*BRIEF*. Exact copies of all the entries are required, and no pictures should appear in them.

━━━ MATERIAL SHOWN ━━━

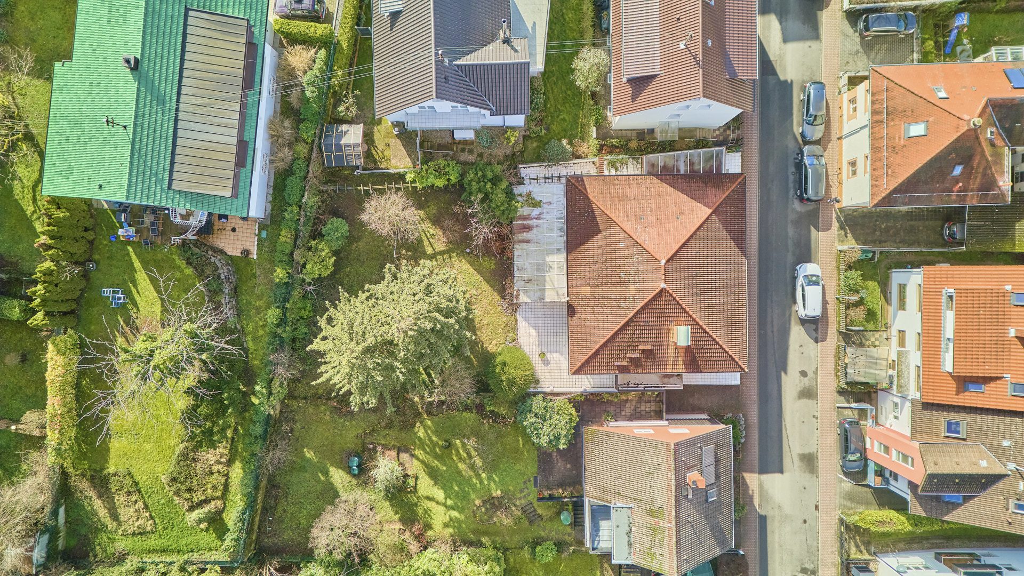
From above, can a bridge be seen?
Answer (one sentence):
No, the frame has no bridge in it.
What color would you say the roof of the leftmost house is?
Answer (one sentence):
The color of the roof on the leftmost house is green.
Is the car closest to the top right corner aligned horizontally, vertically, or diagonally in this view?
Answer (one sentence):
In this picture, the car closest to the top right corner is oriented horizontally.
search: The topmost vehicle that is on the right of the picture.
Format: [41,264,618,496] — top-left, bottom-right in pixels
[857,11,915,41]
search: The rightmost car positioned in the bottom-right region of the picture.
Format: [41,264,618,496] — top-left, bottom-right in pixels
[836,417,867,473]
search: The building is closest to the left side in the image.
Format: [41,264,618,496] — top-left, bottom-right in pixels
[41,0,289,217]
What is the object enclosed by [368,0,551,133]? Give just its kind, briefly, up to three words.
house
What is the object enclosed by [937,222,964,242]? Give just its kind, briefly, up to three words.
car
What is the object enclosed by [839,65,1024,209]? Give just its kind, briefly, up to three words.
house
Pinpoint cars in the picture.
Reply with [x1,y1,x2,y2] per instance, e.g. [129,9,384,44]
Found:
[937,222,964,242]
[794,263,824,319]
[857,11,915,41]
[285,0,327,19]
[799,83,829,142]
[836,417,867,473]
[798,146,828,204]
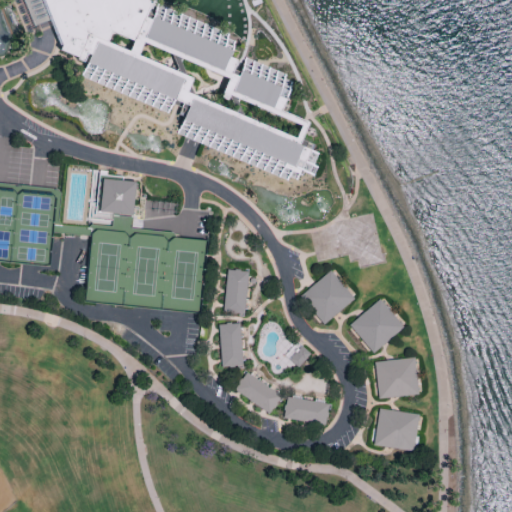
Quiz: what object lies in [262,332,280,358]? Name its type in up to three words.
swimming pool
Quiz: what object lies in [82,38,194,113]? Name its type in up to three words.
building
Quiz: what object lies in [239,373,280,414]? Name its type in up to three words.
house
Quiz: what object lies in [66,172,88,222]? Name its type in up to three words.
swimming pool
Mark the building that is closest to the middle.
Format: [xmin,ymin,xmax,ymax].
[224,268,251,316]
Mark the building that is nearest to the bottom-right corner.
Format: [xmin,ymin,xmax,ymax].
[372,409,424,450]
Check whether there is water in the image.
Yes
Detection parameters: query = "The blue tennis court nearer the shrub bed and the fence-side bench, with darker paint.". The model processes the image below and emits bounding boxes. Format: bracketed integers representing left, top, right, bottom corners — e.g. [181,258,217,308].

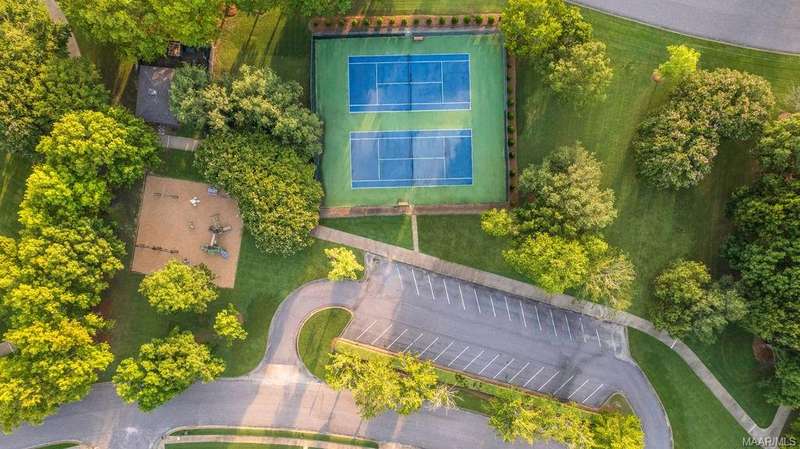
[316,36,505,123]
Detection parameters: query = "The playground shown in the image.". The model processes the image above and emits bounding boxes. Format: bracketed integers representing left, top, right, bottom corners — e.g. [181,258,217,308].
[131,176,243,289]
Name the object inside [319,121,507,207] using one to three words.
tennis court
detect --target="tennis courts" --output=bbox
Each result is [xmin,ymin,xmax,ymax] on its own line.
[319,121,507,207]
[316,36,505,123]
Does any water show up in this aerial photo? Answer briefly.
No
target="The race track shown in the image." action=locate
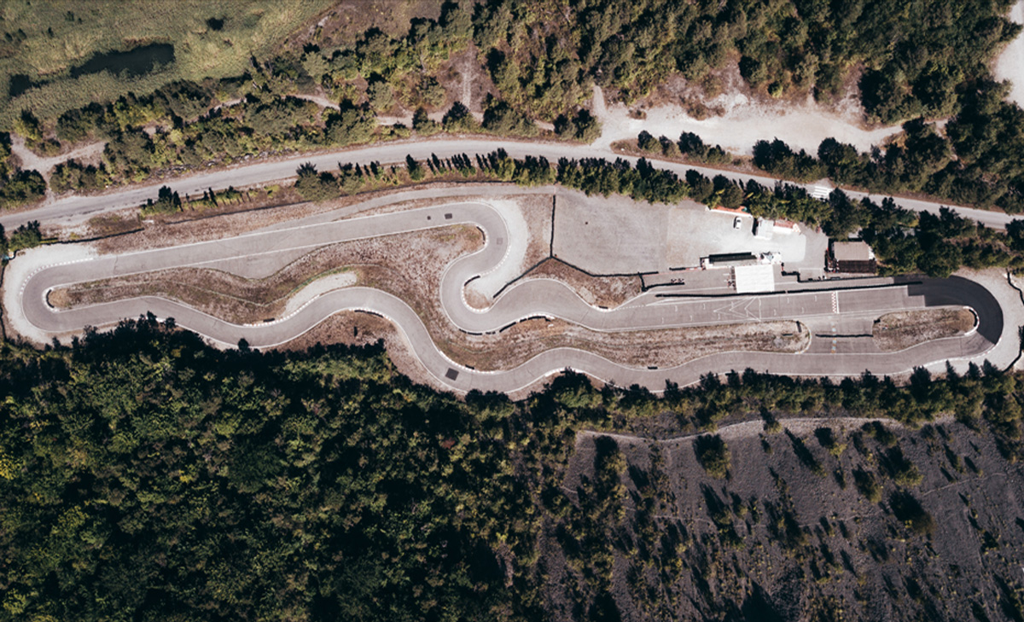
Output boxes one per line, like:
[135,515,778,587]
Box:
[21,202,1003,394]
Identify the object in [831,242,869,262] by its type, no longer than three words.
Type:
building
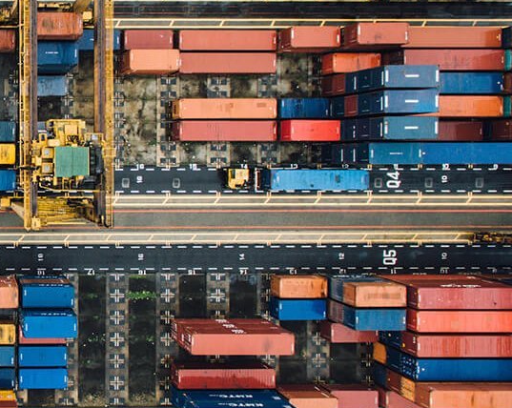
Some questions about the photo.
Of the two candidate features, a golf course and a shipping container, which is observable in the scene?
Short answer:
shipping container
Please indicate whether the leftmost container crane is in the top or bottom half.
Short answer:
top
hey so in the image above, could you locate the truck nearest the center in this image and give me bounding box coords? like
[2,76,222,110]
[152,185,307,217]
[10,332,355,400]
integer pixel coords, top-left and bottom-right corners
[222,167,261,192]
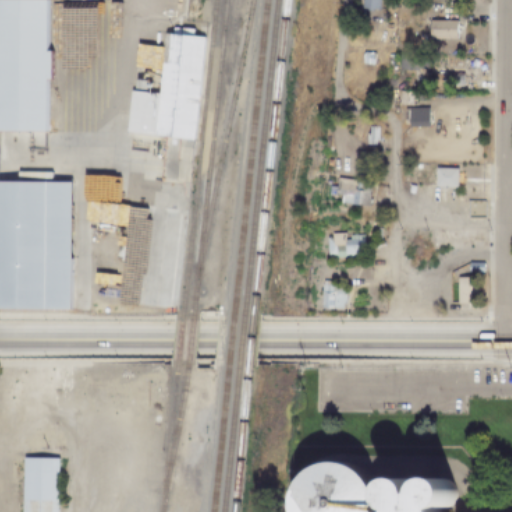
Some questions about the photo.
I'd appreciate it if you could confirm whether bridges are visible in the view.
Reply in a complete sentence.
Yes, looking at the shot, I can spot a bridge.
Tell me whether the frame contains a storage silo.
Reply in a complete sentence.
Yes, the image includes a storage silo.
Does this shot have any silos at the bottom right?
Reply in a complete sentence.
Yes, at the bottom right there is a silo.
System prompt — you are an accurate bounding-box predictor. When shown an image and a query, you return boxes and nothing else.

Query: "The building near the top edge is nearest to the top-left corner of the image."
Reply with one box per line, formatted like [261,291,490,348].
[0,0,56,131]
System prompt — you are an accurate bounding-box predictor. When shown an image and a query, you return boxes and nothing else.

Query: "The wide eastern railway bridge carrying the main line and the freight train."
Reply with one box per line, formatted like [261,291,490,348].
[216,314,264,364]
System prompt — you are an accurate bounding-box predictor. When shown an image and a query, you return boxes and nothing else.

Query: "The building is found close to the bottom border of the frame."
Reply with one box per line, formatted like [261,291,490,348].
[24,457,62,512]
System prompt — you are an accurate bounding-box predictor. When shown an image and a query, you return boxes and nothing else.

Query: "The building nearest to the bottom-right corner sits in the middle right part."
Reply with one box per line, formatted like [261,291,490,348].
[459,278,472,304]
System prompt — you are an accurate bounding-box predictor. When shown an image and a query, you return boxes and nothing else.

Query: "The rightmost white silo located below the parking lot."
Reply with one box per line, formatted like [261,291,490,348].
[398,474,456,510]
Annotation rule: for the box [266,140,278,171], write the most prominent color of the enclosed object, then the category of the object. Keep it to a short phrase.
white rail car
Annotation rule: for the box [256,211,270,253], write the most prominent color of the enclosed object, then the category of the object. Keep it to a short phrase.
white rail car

━━━

*ANSWER SPACE*.
From above, can a bridge be seen?
Answer (one sentence):
No, the frame has no bridge in it.
What color would you say the roof of the leftmost house is?
Answer (one sentence):
The color of the roof on the leftmost house is green.
Is the car closest to the top right corner aligned horizontally, vertically, or diagonally in this view?
Answer (one sentence):
In this picture, the car closest to the top right corner is oriented horizontally.
search: The topmost vehicle that is on the right of the picture.
Format: [41,264,618,496] — top-left, bottom-right in pixels
[857,11,915,41]
search: The rightmost car positioned in the bottom-right region of the picture.
Format: [41,264,618,496] — top-left, bottom-right in pixels
[836,417,867,473]
search: The building is closest to the left side in the image.
Format: [41,264,618,496] — top-left, bottom-right in pixels
[41,0,289,217]
What is the object enclosed by [368,0,551,133]? Give just its kind, briefly, up to three words.
house
What is the object enclosed by [937,222,964,242]? Give just its kind, briefly, up to three words.
car
What is the object enclosed by [839,65,1024,209]? Give just its kind, briefly, up to three words.
house
Pinpoint cars in the picture.
Reply with [x1,y1,x2,y2] per instance, e.g. [129,9,384,44]
Found:
[937,222,964,242]
[794,263,824,319]
[857,11,915,41]
[285,0,327,19]
[799,83,829,142]
[836,417,867,473]
[798,146,828,204]
Quiz: what object lies in [262,332,280,358]? Name its type in up to three words.
swimming pool
Quiz: what object lies in [82,38,194,113]? Name its type in up to three words.
building
Quiz: what object lies in [239,373,280,414]? Name its type in up to three words.
house
Quiz: what object lies in [66,172,88,222]? Name its type in up to three words.
swimming pool
Mark the building that is closest to the middle.
Format: [xmin,ymin,xmax,ymax].
[224,268,251,316]
Mark the building that is nearest to the bottom-right corner.
Format: [xmin,ymin,xmax,ymax].
[372,409,424,450]
Check whether there is water in the image.
Yes
Detection parameters: query = "The blue tennis court nearer the shrub bed and the fence-side bench, with darker paint.". The model processes the image below and emits bounding boxes. Format: bracketed integers representing left, top, right, bottom corners — e.g. [181,258,217,308].

[316,36,505,123]
Detection parameters: query = "The playground shown in the image.". The model processes the image above and emits bounding boxes. Format: bracketed integers representing left, top, right, bottom corners — e.g. [181,258,217,308].
[131,176,243,289]
Name the object inside [319,121,507,207] using one to three words.
tennis court
detect --target="tennis courts" --output=bbox
Each result is [xmin,ymin,xmax,ymax] on its own line.
[319,121,507,207]
[316,36,505,123]
Does any water show up in this aerial photo? Answer briefly.
No
target="The race track shown in the image." action=locate
Output boxes one per line, like:
[135,515,778,587]
Box:
[21,202,1003,394]
Identify the object in [831,242,869,262] by its type, no longer than three words.
Type:
building
Some questions about the photo.
Of the two candidate features, a golf course and a shipping container, which is observable in the scene?
Short answer:
shipping container
Please indicate whether the leftmost container crane is in the top or bottom half.
Short answer:
top
hey so in the image above, could you locate the truck nearest the center in this image and give me bounding box coords? like
[2,76,222,110]
[152,185,307,217]
[10,332,355,400]
integer pixel coords, top-left and bottom-right corners
[222,167,261,192]
Some questions about the photo.
I'd appreciate it if you could confirm whether bridges are visible in the view.
Reply in a complete sentence.
Yes, looking at the shot, I can spot a bridge.
Tell me whether the frame contains a storage silo.
Reply in a complete sentence.
Yes, the image includes a storage silo.
Does this shot have any silos at the bottom right?
Reply in a complete sentence.
Yes, at the bottom right there is a silo.
System prompt — you are an accurate bounding-box predictor. When shown an image and a query, you return boxes and nothing else.

Query: "The building near the top edge is nearest to the top-left corner of the image."
Reply with one box per line, formatted like [261,291,490,348].
[0,0,56,131]
System prompt — you are an accurate bounding-box predictor. When shown an image and a query, you return boxes and nothing else.

Query: "The wide eastern railway bridge carrying the main line and the freight train."
Reply with one box per line, formatted like [261,291,490,348].
[216,314,264,364]
System prompt — you are an accurate bounding-box predictor. When shown an image and a query, you return boxes and nothing else.

Query: "The building is found close to the bottom border of the frame."
Reply with one box per line, formatted like [261,291,490,348].
[24,457,62,512]
System prompt — you are an accurate bounding-box predictor. When shown an image and a query, you return boxes and nothing else.

Query: "The building nearest to the bottom-right corner sits in the middle right part."
Reply with one box per line, formatted like [261,291,490,348].
[459,278,472,304]
System prompt — you are an accurate bounding-box predictor. When shown an image and a query, you return boxes and nothing else.

Query: "The rightmost white silo located below the parking lot."
Reply with one box per line, formatted like [261,291,490,348].
[398,474,456,510]
Annotation rule: for the box [266,140,278,171], write the most prominent color of the enclosed object, then the category of the object. Keep it to a short phrase.
white rail car
Annotation rule: for the box [256,211,270,253], write the most prominent color of the enclosed object, then the category of the object. Keep it to a short phrase.
white rail car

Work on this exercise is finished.